Subsistence Management Notes – No. 3

During a special legislative session called by Governor Walter Hickel in 1991, state lawmakers agreed to a partial remedy to the subsistence impasse. The legislature passed a bill which split the state into zones where subsistence was allowed, and other areas where it was banned. People who lived in urban areas could conceivably be allowed to travel to rural areas and subsistence hunt and fish. In times of shortages, the rural residents would have the priority for the taking of fish and wildlife for subsistence. Allocation of these resources was based on formulas that were to take into account how close the individual/family lived to the resource(s), and what access there was to other food(s).
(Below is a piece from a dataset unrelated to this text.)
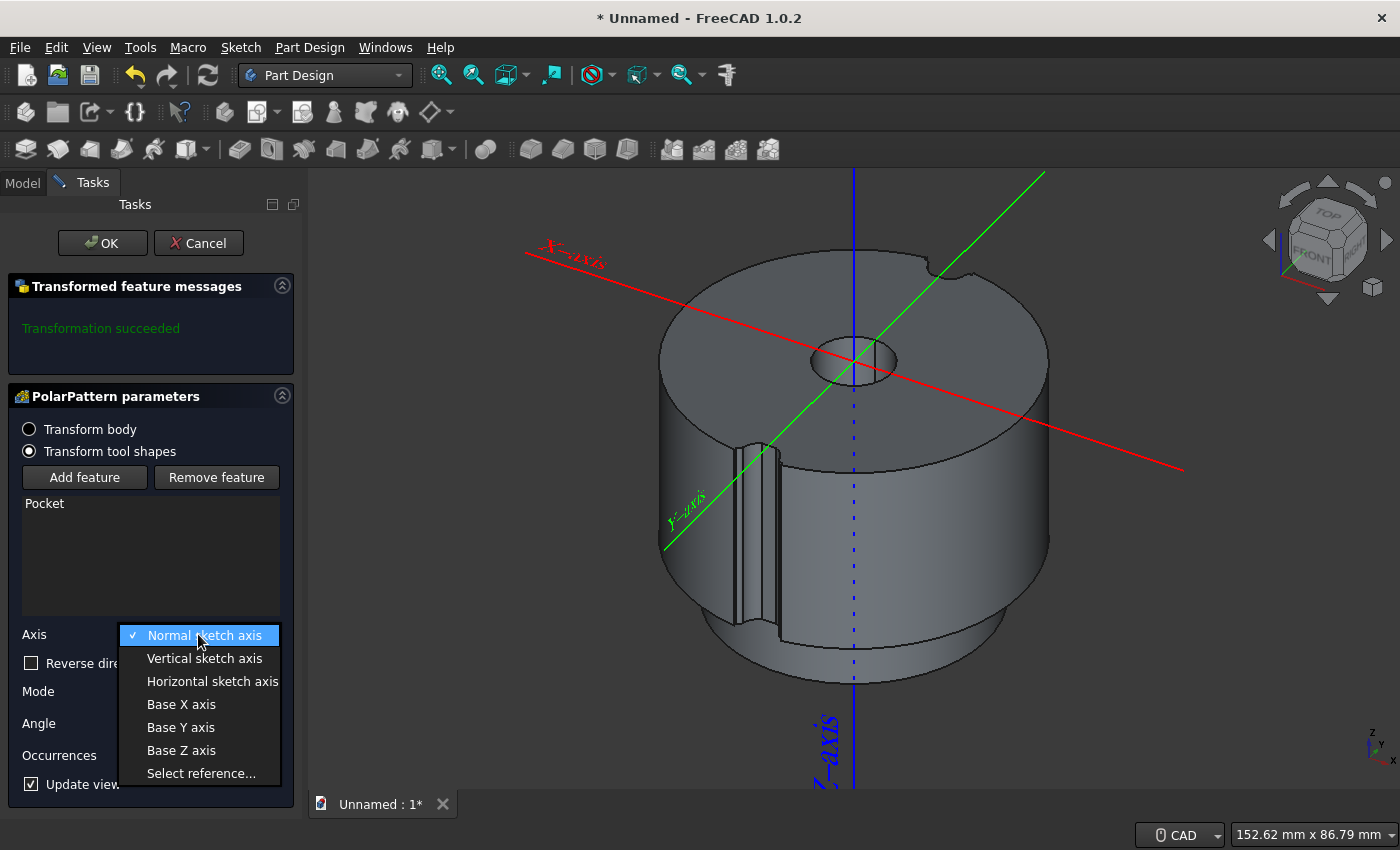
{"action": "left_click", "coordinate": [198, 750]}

On May 29  1992, Final Federal Subsistence Management Regulations for Public Lands in Alaska (Subparts A-General Provisions; B-Program Structure; and C-Board Determinations) were published in the Federal Register. Subpart D regulations were published on May 28, 1992, and deal with definitions,prohibitions, methods and means, individual species seasons and bag limits, and fish and shellfish. The distinction between the two regulations is required because Subpart D is subject to an annual public review cycle.

In October of 1993, state Superior Court Judge Dana Fabe ruled that the state’s concept of non-subsistence zones was unconstitutional. This ruling was made following legal arguments made by the Kenai-area Kenaitze Indians. The Kenaitze argued that the law lacked sufficient access to hunting and fishing areas, as much of the Kenai Peninsula was set aside as a non-subsistence zone. The effect of the ruling means the State’s subsistence dilemma continues without an end in sight.